= Pikkujoulu =

Finnish traditional party held to anticipate Christmas

Pikkujoulu (Finnish for "little Christmas") is a Finnish traditional party held to anticipate Christmas. The Pikkujoulu party is non-formal, highly festive, and themed after Christmas. Pikkujoulu parties are held by various communities, organisations, companies, or just among friends. Not to be compared with Lilla jul, the latter of which is annually celebrated the Saturday before 1st advent. Lilla jul is celebrated by the Swedish-speaking population of Finland.

==Description==
Pikkujoulu differs from Christmas as more free-form and less religious. Traditionally, Pikkujoulu is a day when Christmas dishes are served for the first time. These include rice pudding with fruit. The most traditional Pikkujoulu drink is called "glögi" (the Finnish equivalent of the German Glühwein or mulled wine), which can be served with or without alcohol. Glögi is made of hot juice or red wine and spiced with cinnamon, ginger, clove, raisins, and almonds.
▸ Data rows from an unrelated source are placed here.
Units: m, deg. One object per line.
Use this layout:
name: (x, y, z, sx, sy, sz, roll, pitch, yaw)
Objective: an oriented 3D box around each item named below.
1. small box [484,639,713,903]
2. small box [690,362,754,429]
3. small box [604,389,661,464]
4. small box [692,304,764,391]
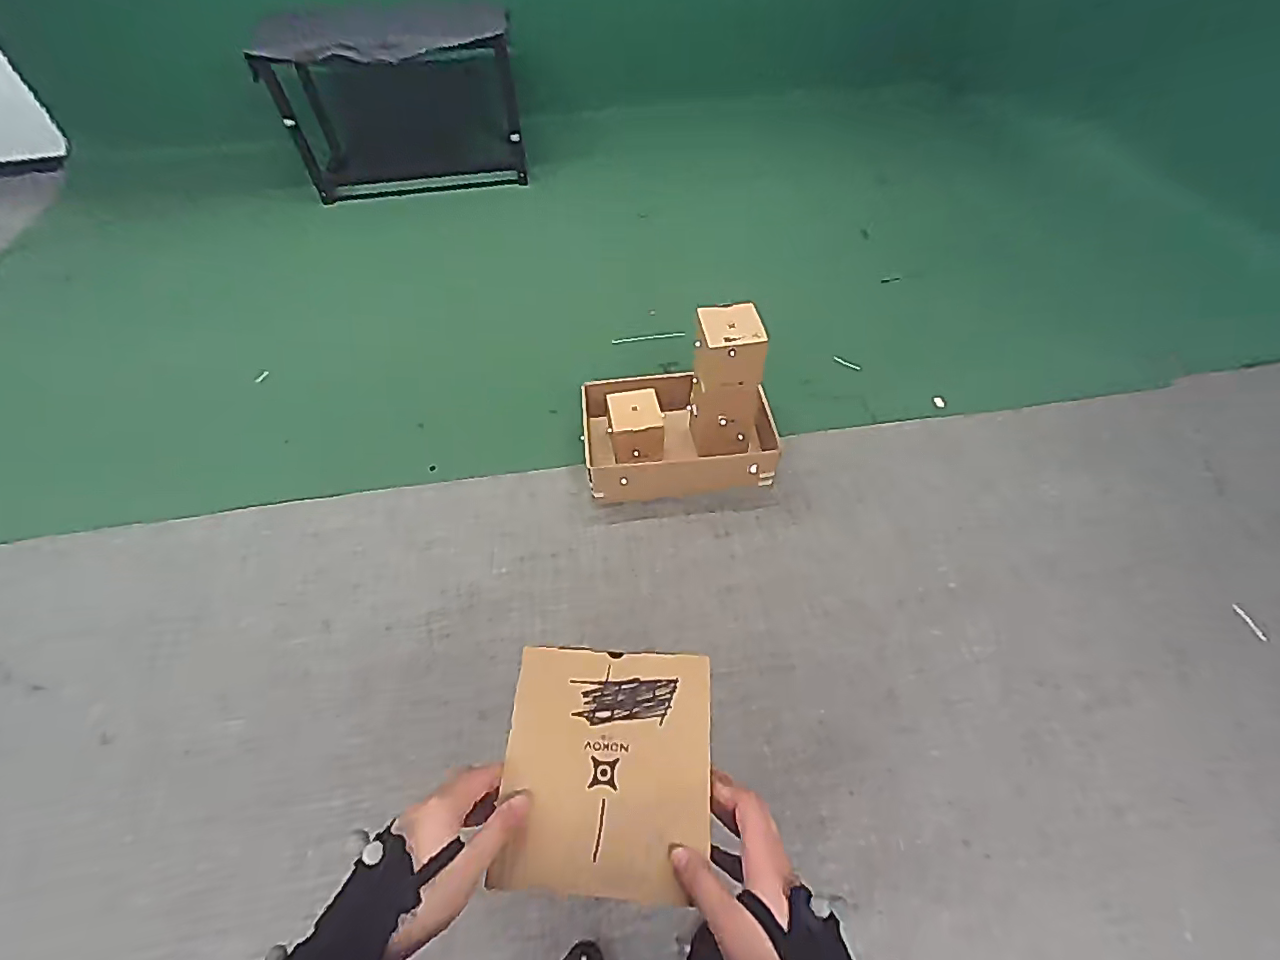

For entertainment, there are festive speeches often followed by jokes or humorous sketches, after which, mock awards are given out. Song books are then passed out and happy Christmas hits are sung in Finnish, English, or Swedish. Christmas karaoke has become quite popular, and any performer will garner applause, no matter how unpleasant they may sound. There could also be a band, stand-up comedian, magician, or funny play. Every Pikkujoulu celebration has a Santa Claus giving out little gag gifts.

In 2011, the Pikkujoulu Christmas parties around Helsinki, Finland caused 400 police calls on the same night. Helsinki police attributed the high number of calls to alcohol consumption.

The Finnish Pikkujoulu is similar to other Nordic pre Christmas traditions, such as the Norwegian julebord and Swedish julbord. In recent years some Norwegians have started to adapt their julebord to the Pikkujoulu, washing out the differences between these Nordic pre Christmas traditions.

==History==
Pikkujoulu is based on the Advent: the Advent signified the waiting for Jesus Christ and the fasting, which ended on Christmas. In the 19th century, the Advent was sometimes called "the little Christmas", i.e. Pikkujoulu. The tradition originates from Germany and Sweden in the 1800s, before being taken up by Finnish students.

The proper Pikkujoulu tradition started in Helsinki after World War I. The basis for the party was "Christmas tree parties" held in schools. The supper parties held at the end of autumn by student nations gradually formed into the modern Pikkujoulu. Pikkujoulu parties started by student nations grew out to other communities in the 1930s. Before World War II, the parties were sometimes called "porridge parties".

The private family Pikkujoulu is probably based on a tradition stating that the nameday of Tuomas, 21 December, is the first day when tasting home-made beer is allowed. In Sweden, the Tuomas nameday evening is called Lilla jul ("little Christmas"). In time, the tradition evolved to the Saint Lucy's Day celebration, which still resembles the Finnish Pikkujoulu.